Reasoning VQA by Giving Reasons to Support the Predictions

M-GEO
ACQUAL
Additional Remarks

The topic will have a statistical and mathematical context. Good knowledge of Matlab/Caffe/Tensorflow/Python programming is plus. Basic knowledge of CV and NLP is also needed.

Topic description

In this project, we plan to address the problem of reasoning the visual question answering process when predicting the answers to the given image/question pairs. This problem solved could serve as a real artificial system to explain how the VQA models think, and provide more convincing answers. The more difficult the questions are, the more complex thinking and more detailed reasoning is needed. In this settings, high-resolution aerial images with labeled question/answer pairs from some available datasets are really suitable for this task, from simple questions such as attribute recognition to hard questions such as vehicle moving activities.

Topic objectives and methodology

The project will require a well-designed VQA system with the capability of good reasoning, and some knowledge bases for high-level questions with corresponding geo-information.
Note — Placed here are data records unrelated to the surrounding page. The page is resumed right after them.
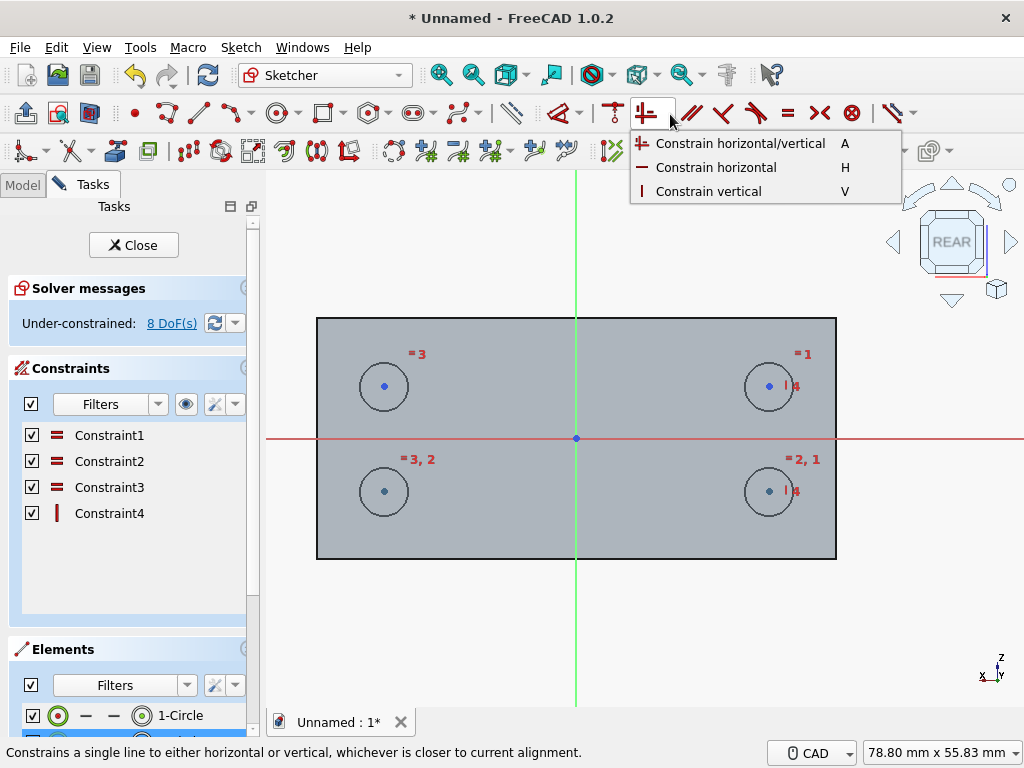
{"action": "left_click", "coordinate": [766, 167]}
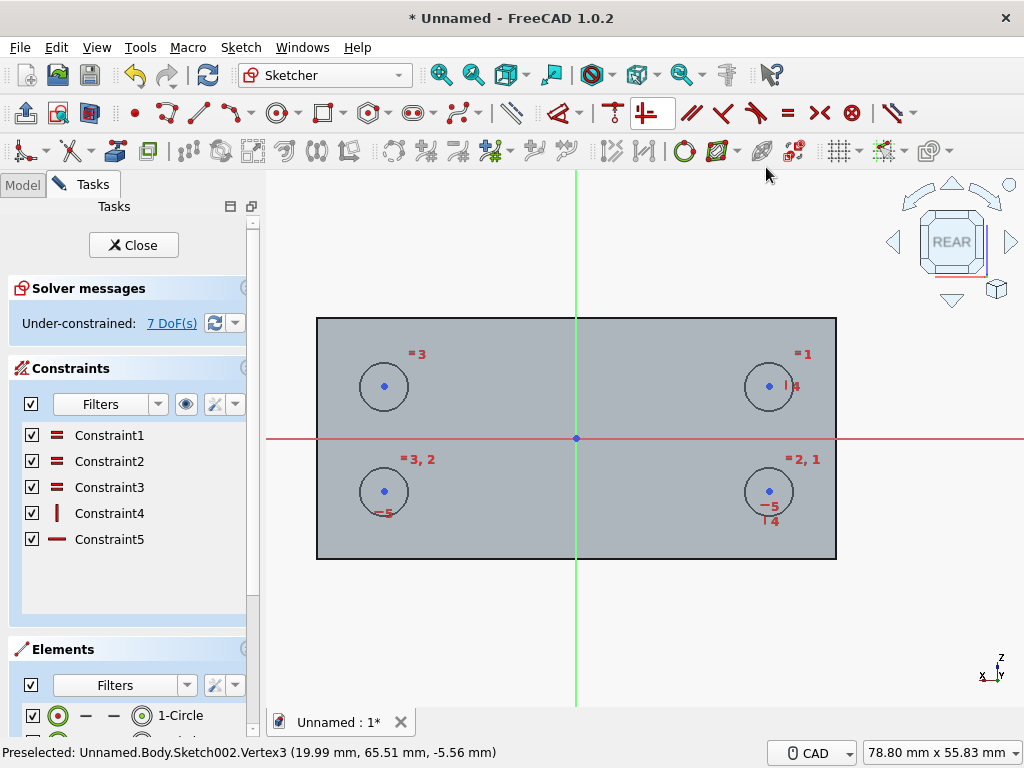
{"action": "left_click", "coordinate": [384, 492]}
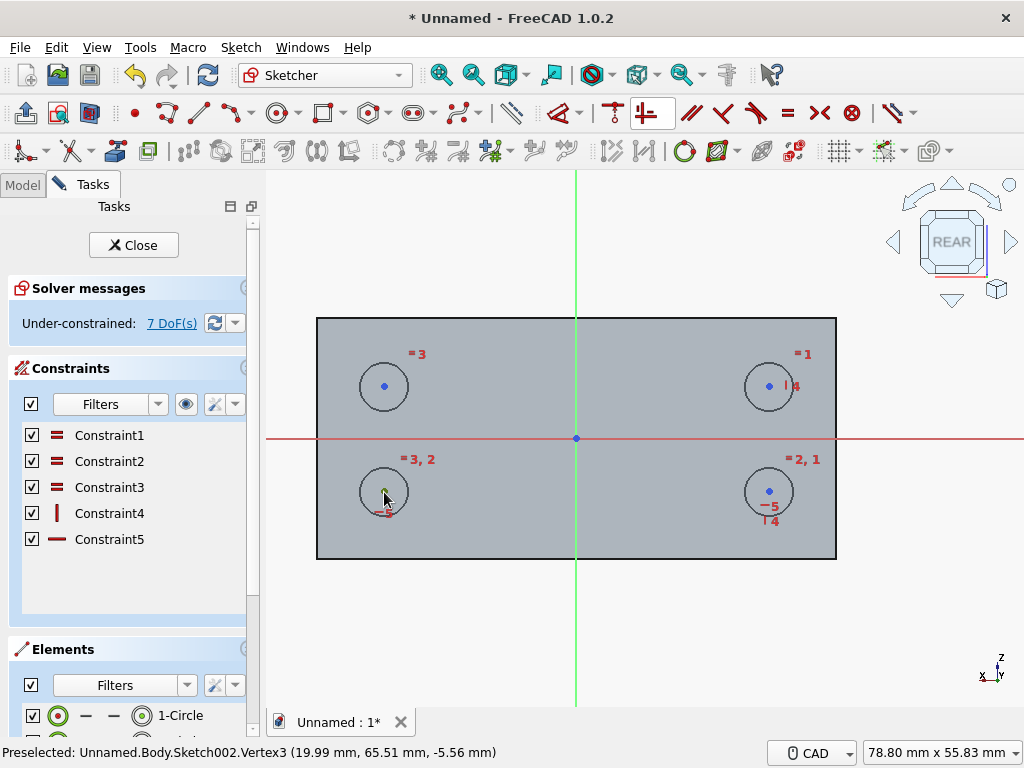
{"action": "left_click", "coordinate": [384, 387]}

Deep learning will play an important role in this topic, including the techniques from computer vision, natural language processing, and remote sensing. Pre-trained models based on CNN and transformer will be applied to the learning stages.

References for further reading

1. Zellers, R., Bisk, Y., Farhadi, A., & Choi, Y. (2019). From recognition to cognition: Visual commonsense reasoning. In Proceedings of the IEEE/CVF conference on computer vision and pattern recognition (pp. 6720-6731).

2. Cadene, R., Ben-Younes, H., Cord, M., & Thome, N. (2019). Murel: Multimodal relational reasoning for visual question answering. In Proceedings of the IEEE/CVF conference on computer vision and pattern recognition (pp. 1989-1998).

3. Lobry, S., Marcos, D., Murray, J., & Tuia, D. (2020). RSVQA: Visual question answering for remote sensing data. IEEE Transactions on Geoscience and Remote Sensing, 58(12), 8555-8566.

4. Bendre, N., Desai, K., & Najafirad, P. (2021, October). Show why the answer is correct! towards explainable ai using compositional temporal attention. In 2021 IEEE International Conference on Systems, Man, and Cybernetics (SMC) (pp. 3006-3012). IEEE.